A Slight Digression On My Own Experience Starting a Rock Band

Before the end of seventh grade, Kurt Cobain was dead from suicide. It was announced one morning as we sat in homeroom watching Channel One news where Anderson Cooper got his start in journalism.

A month ago, I queued up a post about buying my daughter her first guitar. My daughter is seven years old and in second grade, yet she’s already on her second rock band. I’m still planning to post that piece, so stay tuned. Tonight, I want to share with you a slight digression on my own experience starting a rock band and the accompanying stage fright.

Music has always been an integral part of my life. It goes back as far as I can remember, serving as a soundtrack to my existence from the time I was in kindergarten at Phenix Elementary School. As clear as day, I remember at age four years old pumping myself up to swing higher on the swingset by placing a Bruce Springsteen song in my head (“Born to Run”) as motivation against gravity.

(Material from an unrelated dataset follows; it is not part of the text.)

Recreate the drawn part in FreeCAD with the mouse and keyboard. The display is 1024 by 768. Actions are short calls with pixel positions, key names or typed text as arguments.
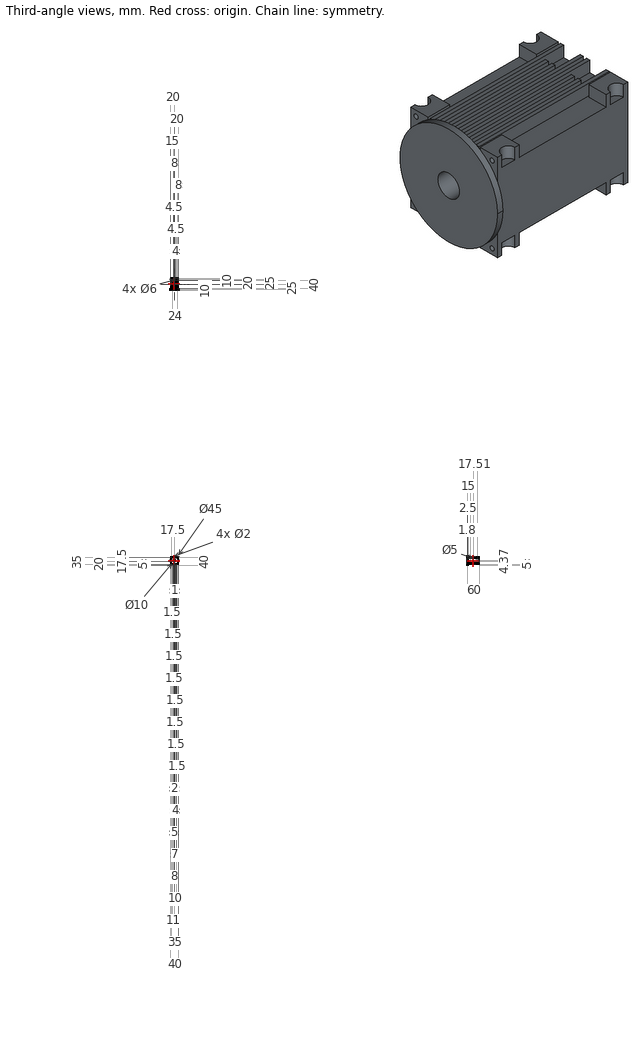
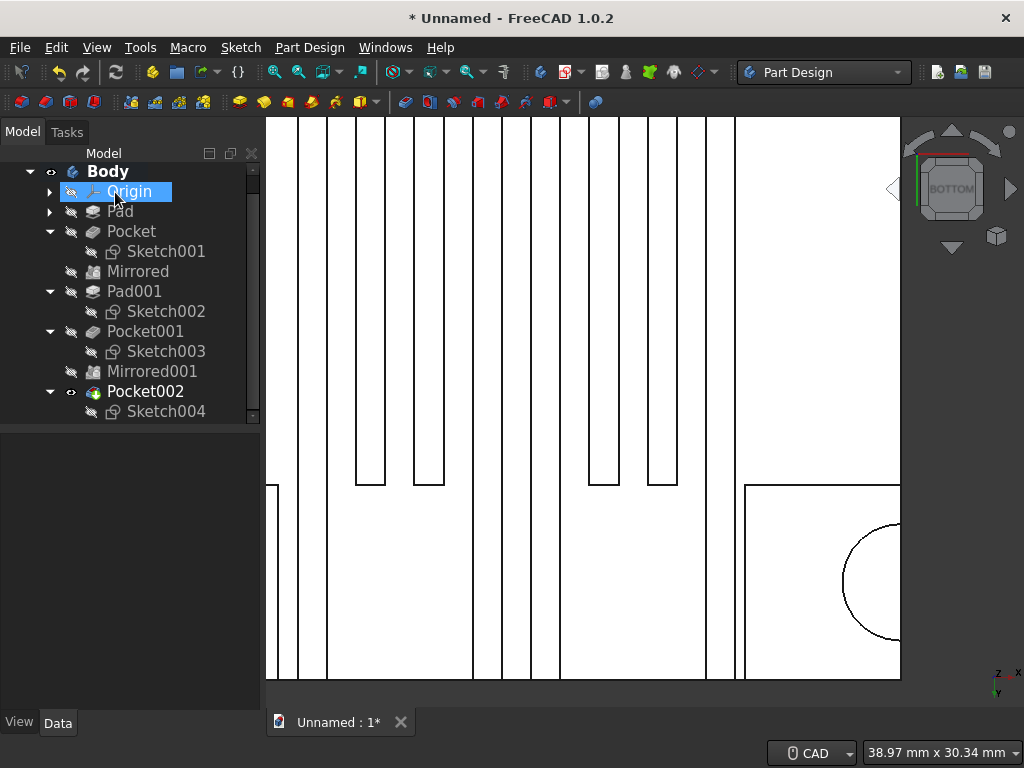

Summers at Phenix pool were no different. Prince, Phil Collins, Firehouse, Eddie Money. We all remember the names and the songs they sang. I used the anthems of these artists to hit the wiffle ball harder or round the bases faster outside the fenced area when it was my time to bat.

One evening, shortly after the start of seventh grade, while riding in the backseat of my mom’s car leaving River Ridge Mall in Lynchburg, Virginia, my cousin Gary handed me his headphones and told me to listen. It was Nirvana’s In Utero album. I’d never heard anything like it.

Before the end of seventh grade, Kurt Cobain was dead from suicide. It was announced one morning as we sat in homeroom watching Channel One news where Anderson Cooper got his start in journalism.

By the time eighth grade hit, I was introduced to Weezer, Green Day, the Offspring, Rancid, and others. When a new music station’s radio waves entered the area (104.7 The Buzz) that summer prior to the start of ninth grade, I was hooked. It was no longer just about listening, it was about making. I wanted in.

So did my friends Joshua Holt, Dwayne Davis, John Howard, and Derek Smith. And for roughly two years, non-stop, we talked about starting a rock band. Then, we finally did.

I was originally the lead singer of Anti-Lou. Granted, we weren’t called Anti-Lou then. We had no name. But I was too scared to sing when I stepped up to the mic.

I can’t sit here and say I’m an Eminem fan, but I can tell you the lyrics in “Lose Yourself” are spot on:

His palms are sweaty, knees weak, arms are heavy . . .
He’s nervous, but on the surface he looks calm and ready
To drop bombs, but he keeps on forgetting
What he wrote down, the whole crowd goes so loud
He opens his mouth, but the words won’t come out

I remember the feeling of vocal paralysis like it was yesterday. My friends and I were at CI and Sharon Hall’s practicing in their garage out back in Drakes Branch. CI and Sharon had a full set-up, including a PA system and were kind enough to let us youngsters use it at the start of our rock dreams.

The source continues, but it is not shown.